- Problem -
Repeat what the lines below say, word for word, and skip every image.
--- Raw data Enclosed Below ---
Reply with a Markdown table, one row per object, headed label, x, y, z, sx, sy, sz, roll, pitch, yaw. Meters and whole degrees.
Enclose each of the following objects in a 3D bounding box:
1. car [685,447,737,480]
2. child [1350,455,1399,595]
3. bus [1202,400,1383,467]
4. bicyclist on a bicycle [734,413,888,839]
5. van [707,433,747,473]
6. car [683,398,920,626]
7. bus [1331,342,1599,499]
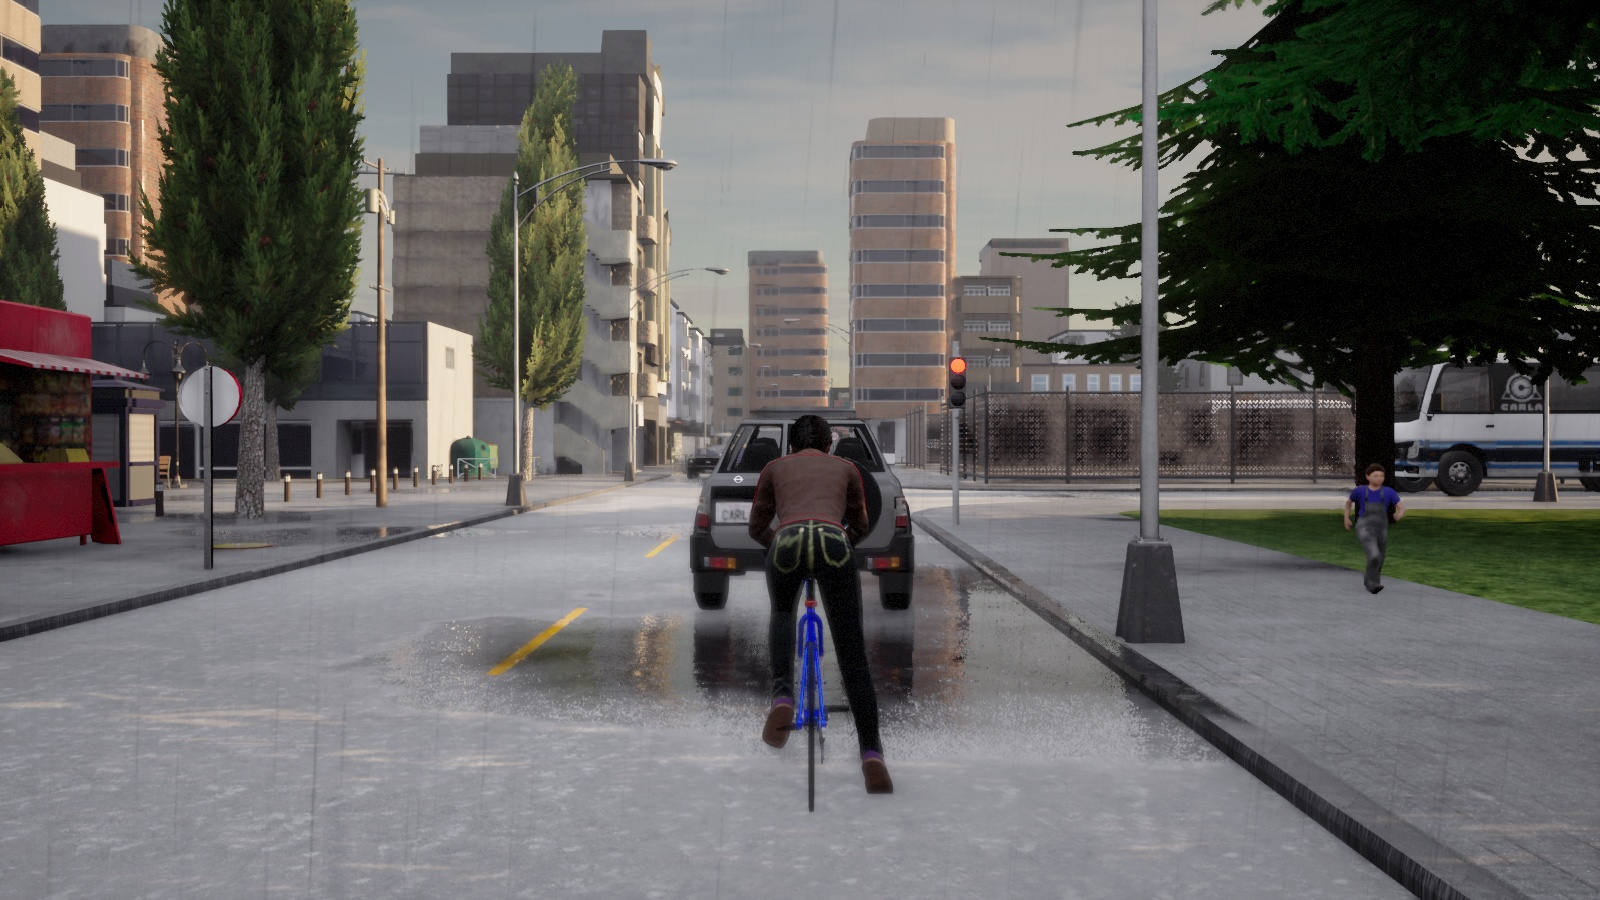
| label | x | y | z | sx | sy | sz | roll | pitch | yaw |
| --- | --- | --- | --- | --- | --- | --- | --- | --- | --- |
| car | -3.736 | 0.542 | 53.475 | 1.895 | 1.301 | 4.718 | 0 | 0 | 0 |
| child | 5.283 | 0.675 | 11.552 | 0.270 | 1.263 | 0.437 | 0 | 0 | 4 |
| bus | 31.817 | -1.065 | 81.548 | 10.273 | 4.253 | 3.944 | 0 | 0 | 4 |
| bicyclist on a bicycle | 0.048 | 0.668 | 5.601 | 0.582 | 1.620 | 1.656 | 0 | 0 | 0 |
| van | -3.689 | 0.136 | 63.913 | 1.775 | 1.987 | 4.442 | 0 | 0 | 0 |
| car | 0.062 | 0.493 | 12.525 | 1.932 | 1.855 | 4.605 | 0 | 0 | 1 |
| bus | 21.274 | -0.817 | 36.157 | 10.273 | 4.253 | 3.944 | 0 | 0 | 0 |
--- End of Enclosed Raw data ---
- Exercise response -
Reply with a Markdown table, one row per object, headed label, x, y, z, sx, sy, sz, roll, pitch, yaw. Meters and whole degrees.
Enclose each of the following objects in a 3D bounding box:
1. car [685,447,737,480]
2. child [1350,455,1399,595]
3. bus [1202,400,1383,467]
4. bicyclist on a bicycle [734,413,888,839]
5. van [707,433,747,473]
6. car [683,398,920,626]
7. bus [1331,342,1599,499]
| label | x | y | z | sx | sy | sz | roll | pitch | yaw |
| --- | --- | --- | --- | --- | --- | --- | --- | --- | --- |
| car | -3.736 | 0.542 | 53.475 | 1.895 | 1.301 | 4.718 | 0 | 0 | 0 |
| child | 5.283 | 0.675 | 11.552 | 0.270 | 1.263 | 0.437 | 0 | 0 | 4 |
| bus | 31.817 | -1.065 | 81.548 | 10.273 | 4.253 | 3.944 | 0 | 0 | 4 |
| bicyclist on a bicycle | 0.048 | 0.668 | 5.601 | 0.582 | 1.620 | 1.656 | 0 | 0 | 0 |
| van | -3.689 | 0.136 | 63.913 | 1.775 | 1.987 | 4.442 | 0 | 0 | 0 |
| car | 0.062 | 0.493 | 12.525 | 1.932 | 1.855 | 4.605 | 0 | 0 | 1 |
| bus | 21.274 | -0.817 | 36.157 | 10.273 | 4.253 | 3.944 | 0 | 0 | 0 |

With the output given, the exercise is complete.